(Assignment)
What is needed is an exact repetition of the lines below, from the first one through the one holding "list Si Teraugmentasi", with no pictures and nothing else.
#### Information shown
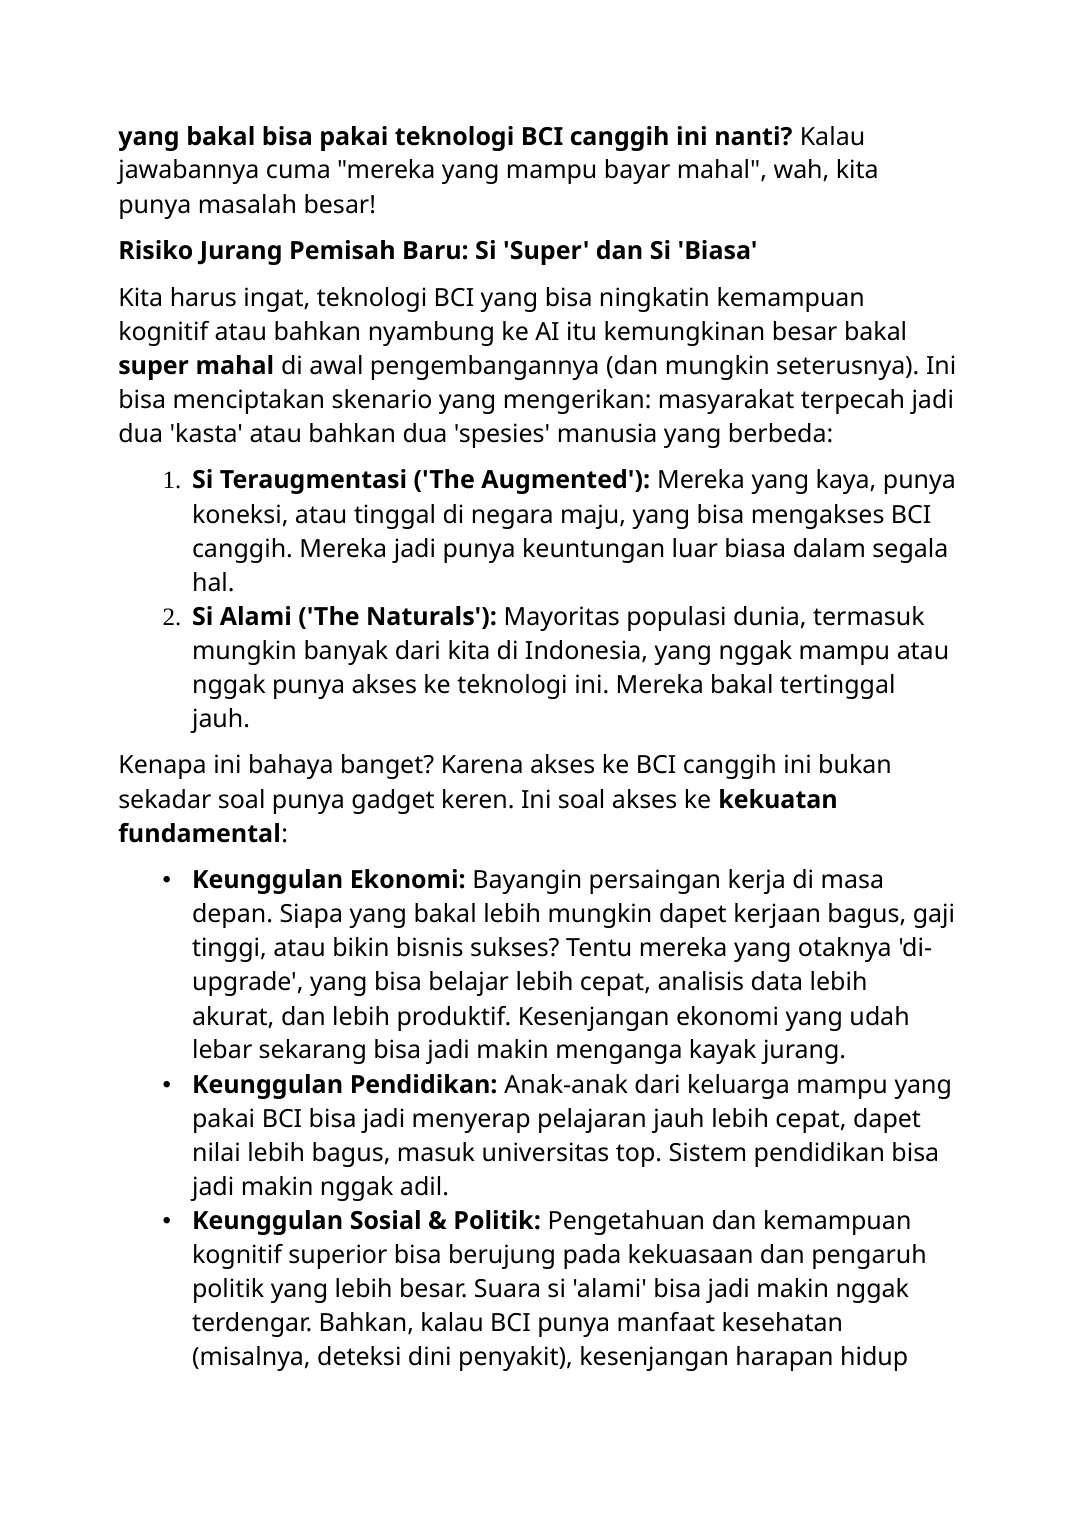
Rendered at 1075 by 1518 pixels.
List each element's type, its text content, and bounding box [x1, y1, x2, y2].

list Keunggulan Pendidikan: Anak-anak dari keluarga mampu yang pakai BCI bisa jadi menyerap pelajaran jauh lebih cepat, dapet nilai lebih bagus, masuk universitas top. Sistem pendidikan bisa jadi makin nggak adil. [162, 1066, 957, 1202]
list Keunggulan Sosial & Politik: Pengetahuan dan kemampuan kognitif superior bisa berujung pada kekuasaan dan pengaruh politik yang lebih besar. Suara si 'alami' bisa jadi makin nggak terdengar. Bahkan, kalau BCI punya manfaat kesehatan (misalnya, deteksi dini penyakit), kesenjangan harapan hidup [162, 1202, 957, 1373]
text yang bakal bisa pakai teknologi BCI canggih ini nanti? Kalau jawabannya cuma "mereka yang mampu bayar mahal", wah, kita punya masalah besar! [118, 118, 957, 220]
list Si Alami ('The Naturals'): Mayoritas populasi dunia, termasuk mungkin banyak dari kita di Indonesia, yang nggak mampu atau nggak punya akses ke teknologi ini. Mereka bakal tertinggal jauh. [162, 598, 957, 735]
list Si Teraugmentasi ('The Augmented'): Mereka yang kaya, punya koneksi, atau tinggal di negara maju, yang bisa mengakses BCI canggih. Mereka jadi punya keuntungan luar biasa dalam segala hal. [162, 462, 957, 598]
list Keunggulan Ekonomi: Bayangin persaingan kerja di masa depan. Siapa yang bakal lebih mungkin dapet kerjaan bagus, gaji tinggi, atau bikin bisnis sukses? Tentu mereka yang otaknya 'di-upgrade', yang bisa belajar lebih cepat, analisis data lebih akurat, dan lebih produktif. Kesenjangan ekonomi yang udah lebar sekarang bisa jadi makin menganga kayak jurang. [162, 862, 957, 1066]
text Risiko Jurang Pemisah Baru: Si 'Super' dan Si 'Biasa' [118, 233, 957, 267]
text Kita harus ingat, teknologi BCI yang bisa ningkatin kemampuan kognitif atau bahkan nyambung ke AI itu kemungkinan besar bakal super mahal di awal pengembangannya (dan mungkin seterusnya). Ini bisa menciptakan skenario yang mengerikan: masyarakat terpecah jadi dua 'kasta' atau bahkan dua 'spesies' manusia yang berbeda: [118, 279, 957, 450]
text Kenapa ini bahaya banget? Karena akses ke BCI canggih ini bukan sekadar soal punya gadget keren. Ini soal akses ke kekuatan fundamental: [118, 747, 957, 849]
########
(Expected answer)
Rendered at 1075 by 1518 pixels.
List each element's type, its text content, and bounding box [x1, y1, x2, y2].

list Keunggulan Pendidikan: Anak-anak dari keluarga mampu yang pakai BCI bisa jadi menyerap pelajaran jauh lebih cepat, dapet nilai lebih bagus, masuk universitas top. Sistem pendidikan bisa jadi makin nggak adil. [162, 1066, 957, 1202]
list Keunggulan Sosial & Politik: Pengetahuan dan kemampuan kognitif superior bisa berujung pada kekuasaan dan pengaruh politik yang lebih besar. Suara si 'alami' bisa jadi makin nggak terdengar. Bahkan, kalau BCI punya manfaat kesehatan (misalnya, deteksi dini penyakit), kesenjangan harapan hidup [162, 1202, 957, 1373]
text yang bakal bisa pakai teknologi BCI canggih ini nanti? Kalau jawabannya cuma "mereka yang mampu bayar mahal", wah, kita punya masalah besar! [118, 118, 957, 220]
list Si Alami ('The Naturals'): Mayoritas populasi dunia, termasuk mungkin banyak dari kita di Indonesia, yang nggak mampu atau nggak punya akses ke teknologi ini. Mereka bakal tertinggal jauh. [162, 598, 957, 735]
list Si Teraugmentasi ('The Augmented'): Mereka yang kaya, punya koneksi, atau tinggal di negara maju, yang bisa mengakses BCI canggih. Mereka jadi punya keuntungan luar biasa dalam segala hal. [162, 462, 957, 598]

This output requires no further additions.